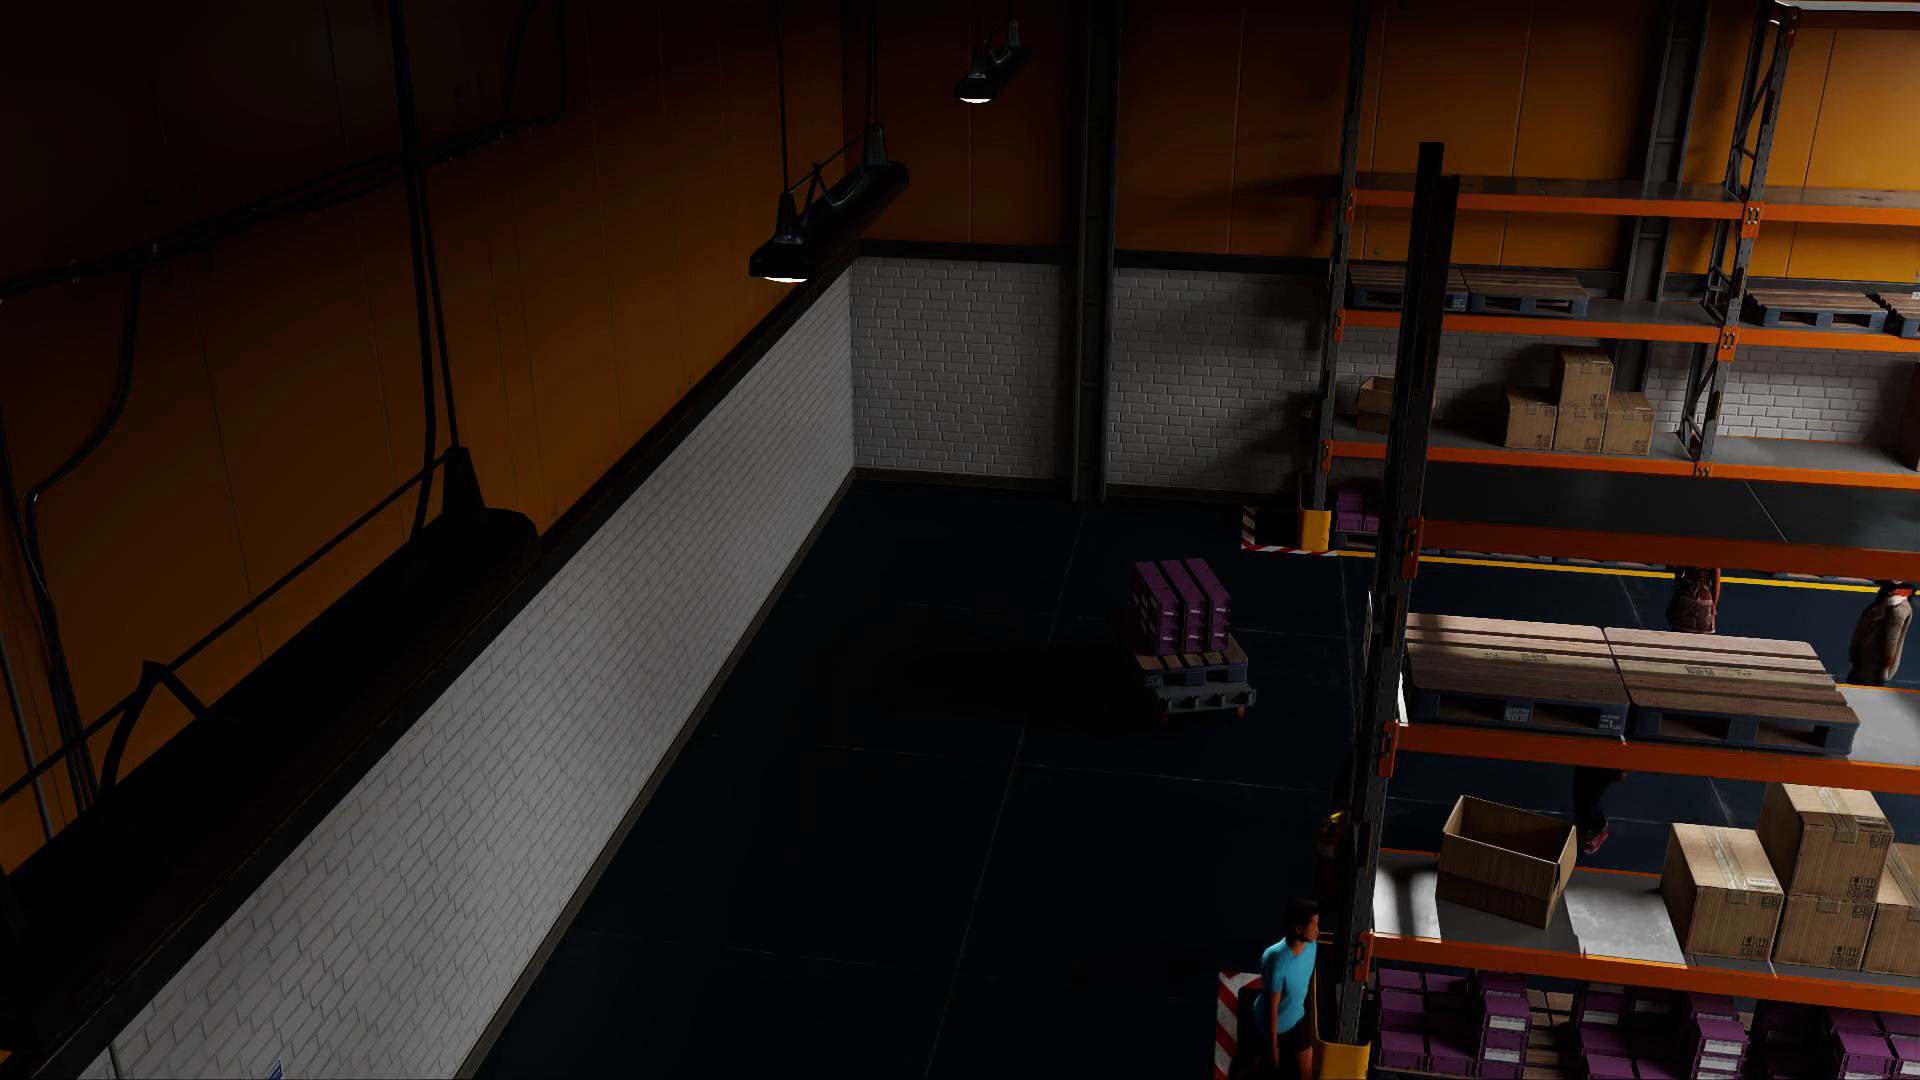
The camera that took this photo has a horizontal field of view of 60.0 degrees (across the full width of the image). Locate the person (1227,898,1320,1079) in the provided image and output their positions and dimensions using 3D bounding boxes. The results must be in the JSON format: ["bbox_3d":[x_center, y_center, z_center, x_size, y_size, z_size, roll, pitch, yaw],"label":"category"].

===============

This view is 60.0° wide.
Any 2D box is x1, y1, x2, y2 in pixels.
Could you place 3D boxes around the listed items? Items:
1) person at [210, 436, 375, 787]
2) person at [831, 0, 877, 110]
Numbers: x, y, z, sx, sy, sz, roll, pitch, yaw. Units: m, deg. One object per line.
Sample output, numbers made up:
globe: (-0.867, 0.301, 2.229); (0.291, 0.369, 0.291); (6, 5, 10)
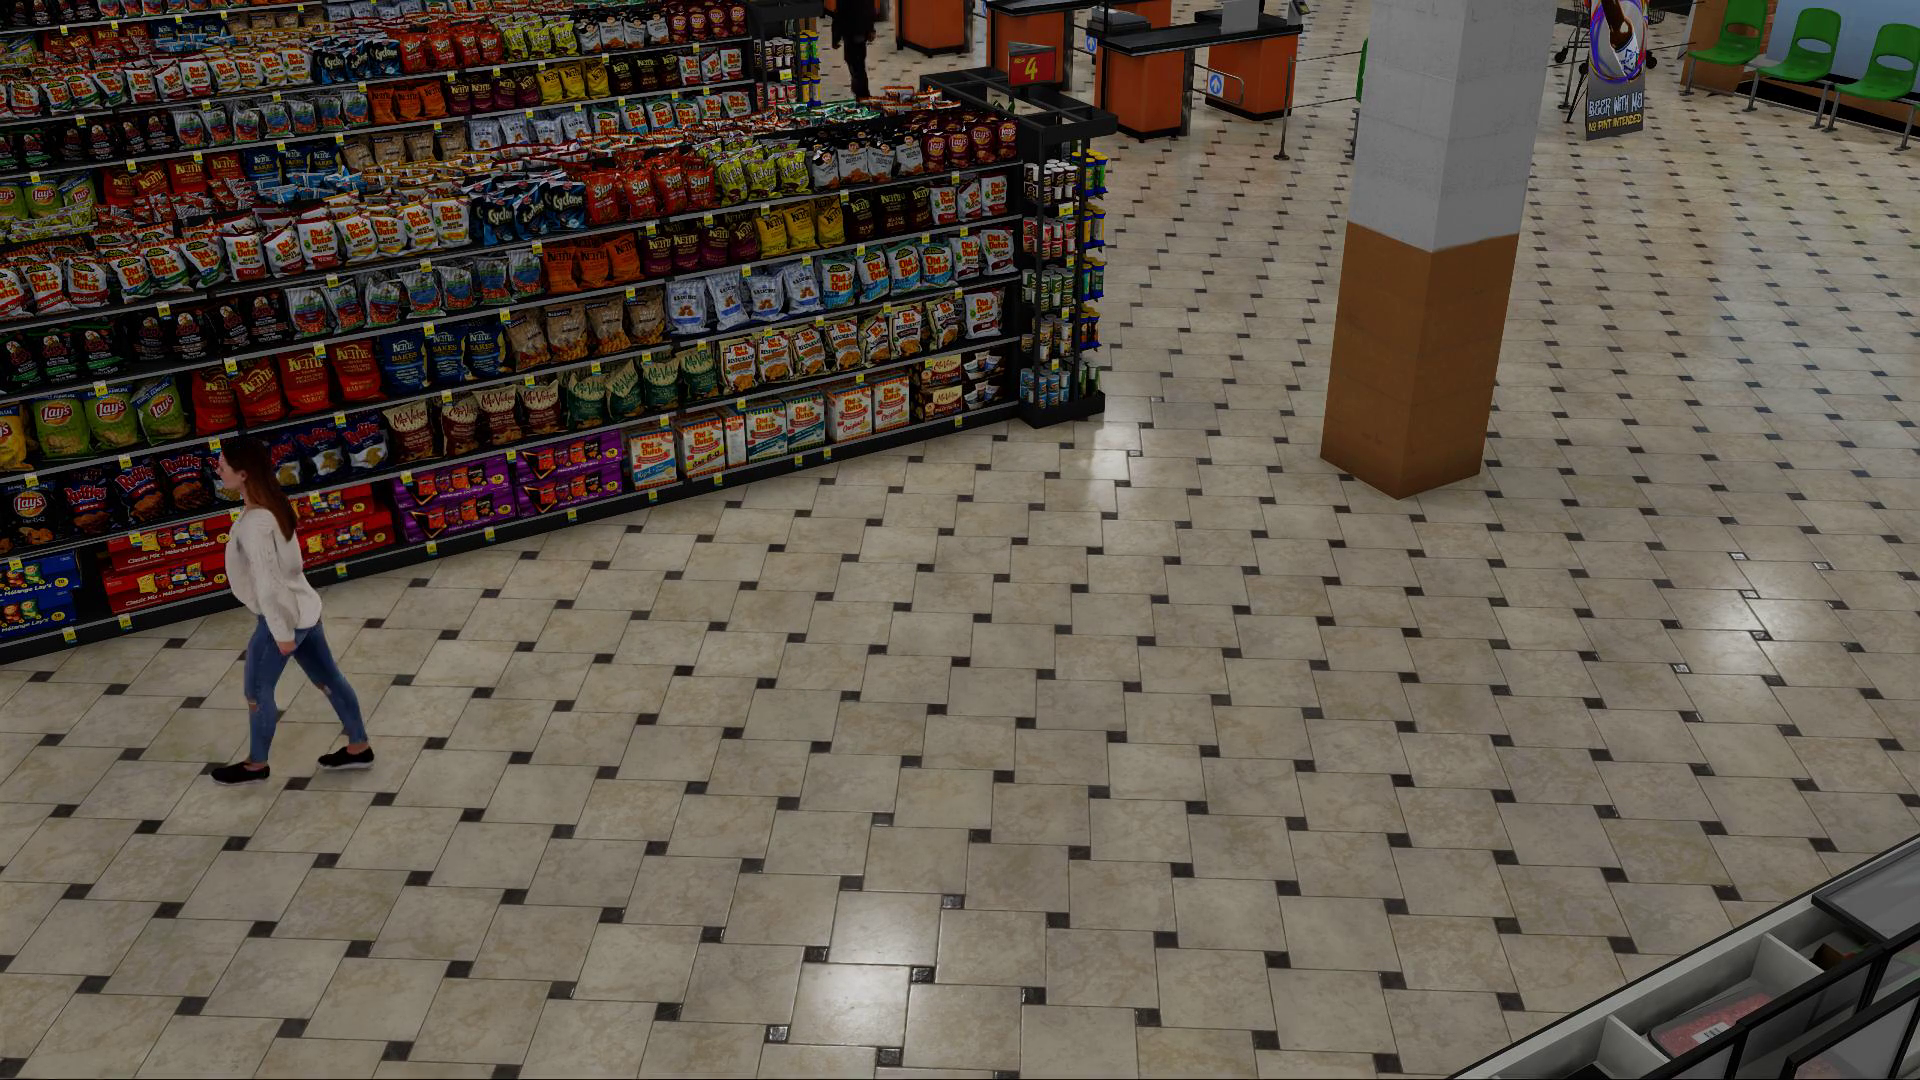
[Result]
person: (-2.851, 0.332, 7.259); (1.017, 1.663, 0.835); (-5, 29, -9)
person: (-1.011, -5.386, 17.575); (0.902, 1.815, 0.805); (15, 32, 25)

===============

What you will do:
Return each line in the records that holds the string "roll".

Response to this exercise:
The camera that took this photo has a horizontal field of view of 60.0 degrees (across the full width of the image). Locate the person (1227,898,1320,1079) in the provided image and output their positions and dimensions using 3D bounding boxes. The results must be in the JSON format: ["bbox_3d":[x_center, y_center, z_center, x_size, y_size, z_size, roll, pitch, yaw],"label":"category"].
Numbers: x, y, z, sx, sy, sz, roll, pitch, yaw. Units: m, deg. One object per line.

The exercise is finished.